Records below:
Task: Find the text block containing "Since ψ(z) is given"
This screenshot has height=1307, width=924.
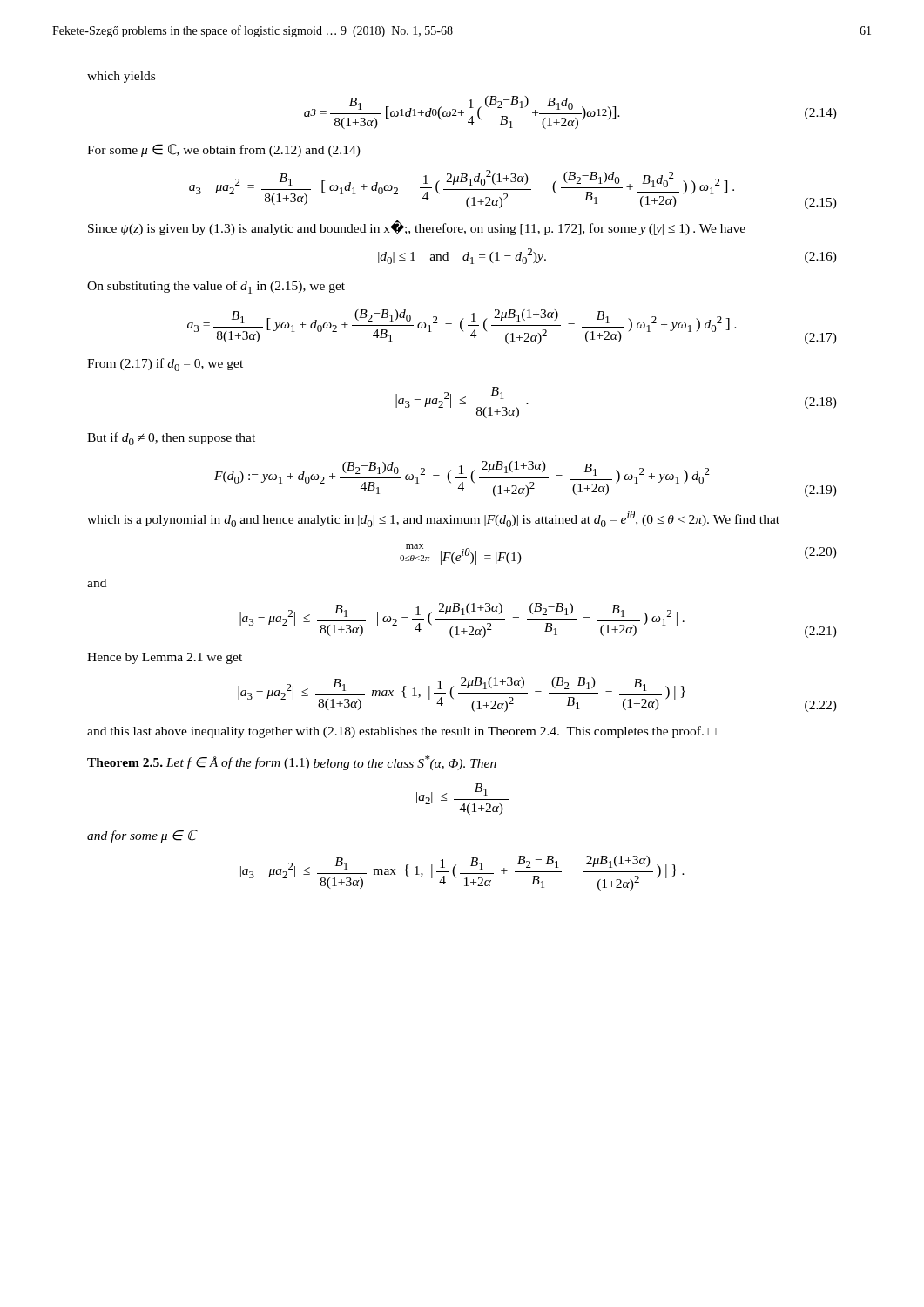Action: tap(416, 227)
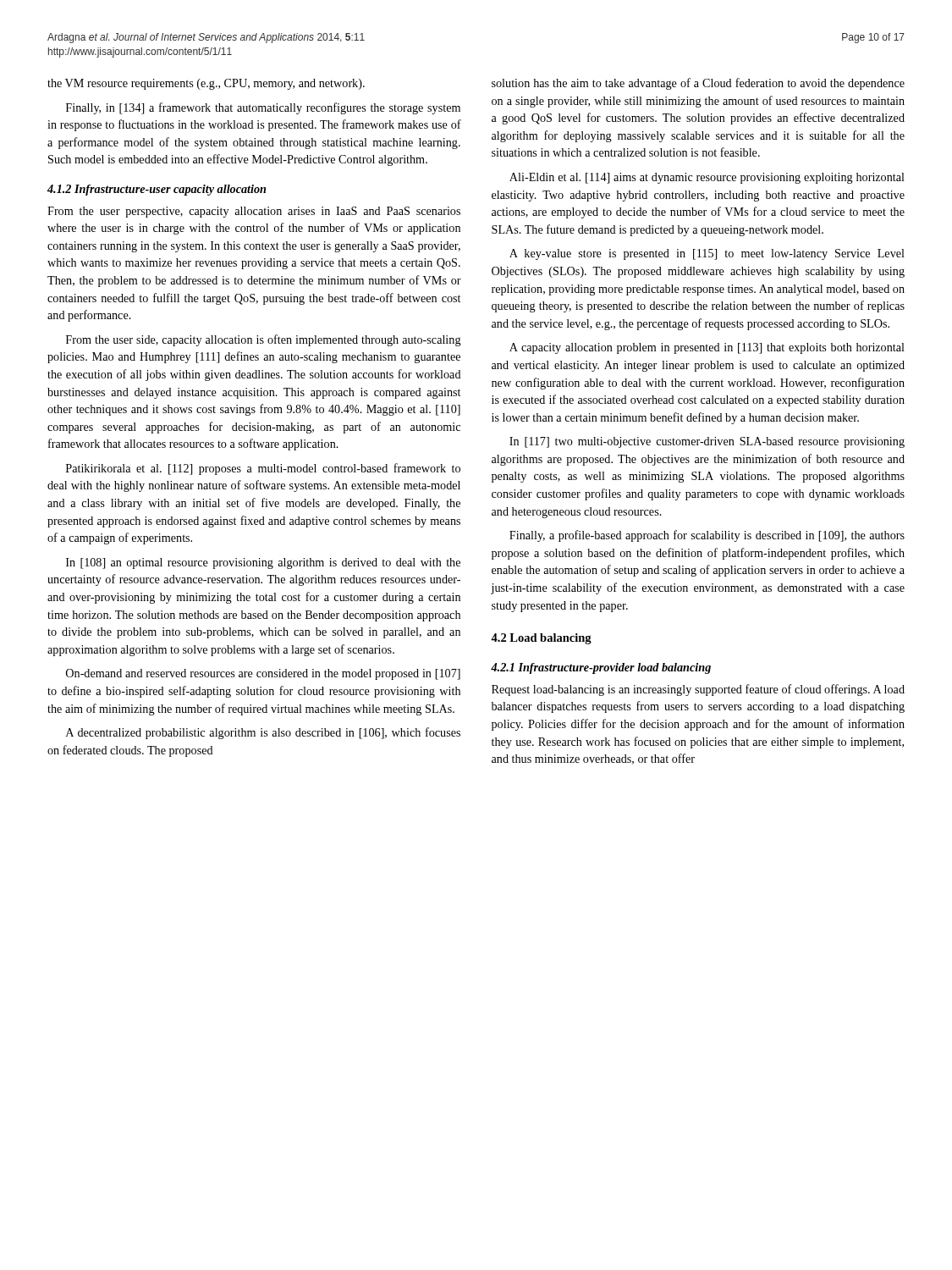Viewport: 952px width, 1270px height.
Task: Click on the text starting "Request load-balancing is"
Action: [x=698, y=724]
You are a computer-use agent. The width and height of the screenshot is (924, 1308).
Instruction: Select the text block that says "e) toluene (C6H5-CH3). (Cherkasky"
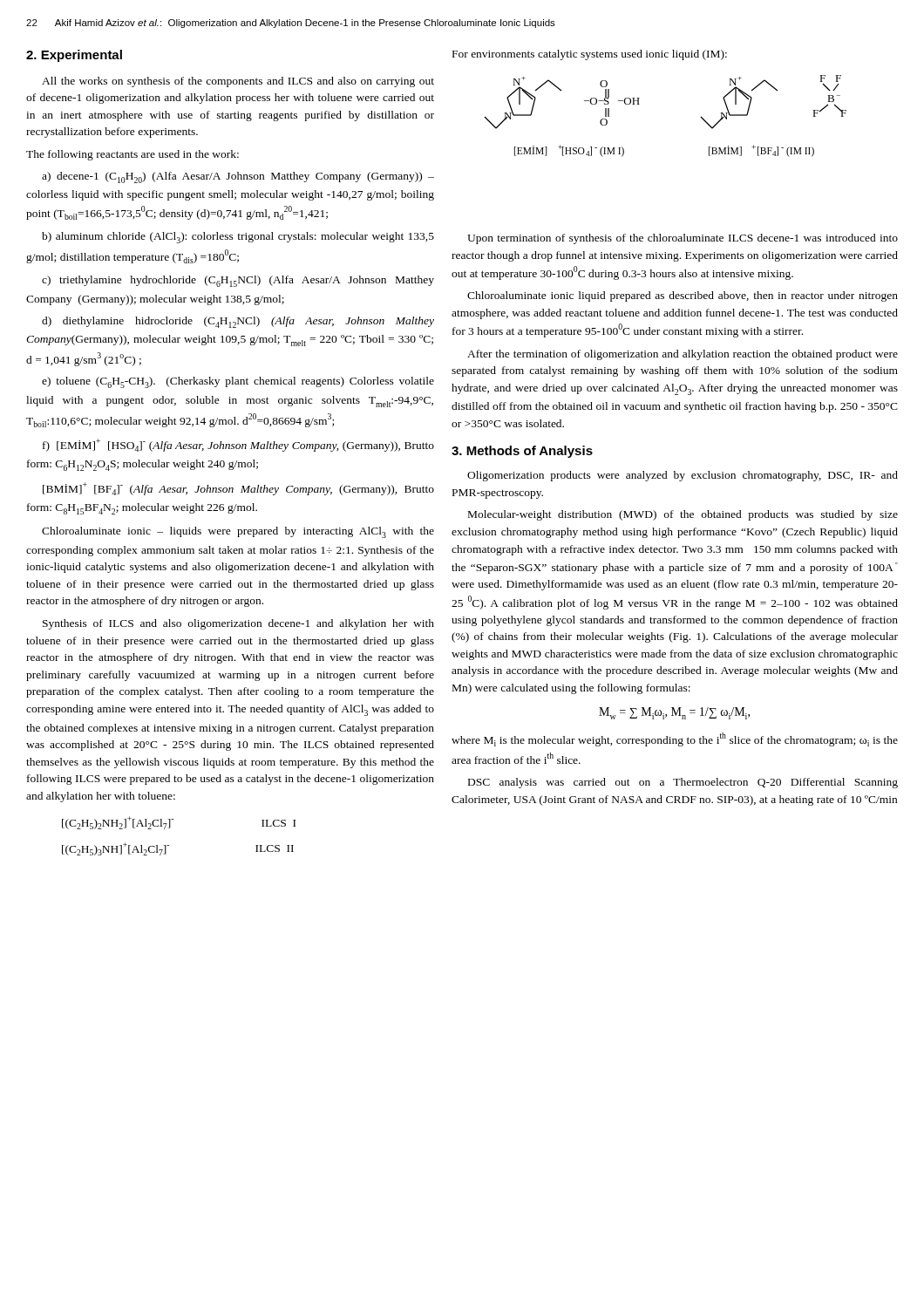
End of Records.
Out of the material above, gather each line where "block" appears.

▶ _Answer_:
Task: Find the text block containing "Since ψ(z) is given"
Instruction: Select the text block that says "e) toluene (C6H5-CH3). (Cherkasky"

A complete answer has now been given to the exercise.